--- Supplied records ---

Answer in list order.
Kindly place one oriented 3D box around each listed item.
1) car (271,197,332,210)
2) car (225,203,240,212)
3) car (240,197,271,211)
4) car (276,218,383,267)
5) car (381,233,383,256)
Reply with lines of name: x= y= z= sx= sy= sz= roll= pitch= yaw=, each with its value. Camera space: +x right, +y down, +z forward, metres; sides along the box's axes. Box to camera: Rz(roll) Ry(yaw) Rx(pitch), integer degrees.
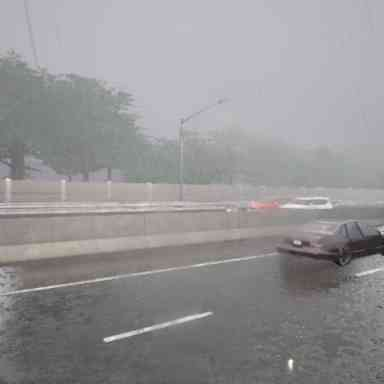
car: x=9.568 y=1.449 z=28.014 sx=5.566 sy=2.045 sz=2.150 roll=1 pitch=0 yaw=-35
car: x=5.541 y=1.720 z=33.737 sx=4.902 sy=1.511 sz=2.128 roll=1 pitch=0 yaw=-35
car: x=7.461 y=1.448 z=30.810 sx=5.566 sy=2.045 sz=2.150 roll=1 pitch=0 yaw=-35
car: x=5.335 y=1.653 z=11.852 sx=5.357 sy=1.411 sz=2.033 roll=1 pitch=0 yaw=-35
car: x=7.165 y=1.667 z=8.864 sx=4.181 sy=1.385 sz=1.994 roll=1 pitch=0 yaw=-35

--- Activity ---
Produce an exact copy of the records above, leaving out the pictures.

--- Output ---
Answer in list order.
Kindly place one oriented 3D box around each listed item.
1) car (271,197,332,210)
2) car (225,203,240,212)
3) car (240,197,271,211)
4) car (276,218,383,267)
5) car (381,233,383,256)
Reply with lines of name: x= y= z= sx= sy= sz= roll= pitch= yaw=, each with its value. Camera space: +x right, +y down, +z forward, metres; sides along the box's axes. Box to camera: Rz(roll) Ry(yaw) Rx(pitch), integer degrees.
car: x=9.568 y=1.449 z=28.014 sx=5.566 sy=2.045 sz=2.150 roll=1 pitch=0 yaw=-35
car: x=5.541 y=1.720 z=33.737 sx=4.902 sy=1.511 sz=2.128 roll=1 pitch=0 yaw=-35
car: x=7.461 y=1.448 z=30.810 sx=5.566 sy=2.045 sz=2.150 roll=1 pitch=0 yaw=-35
car: x=5.335 y=1.653 z=11.852 sx=5.357 sy=1.411 sz=2.033 roll=1 pitch=0 yaw=-35
car: x=7.165 y=1.667 z=8.864 sx=4.181 sy=1.385 sz=1.994 roll=1 pitch=0 yaw=-35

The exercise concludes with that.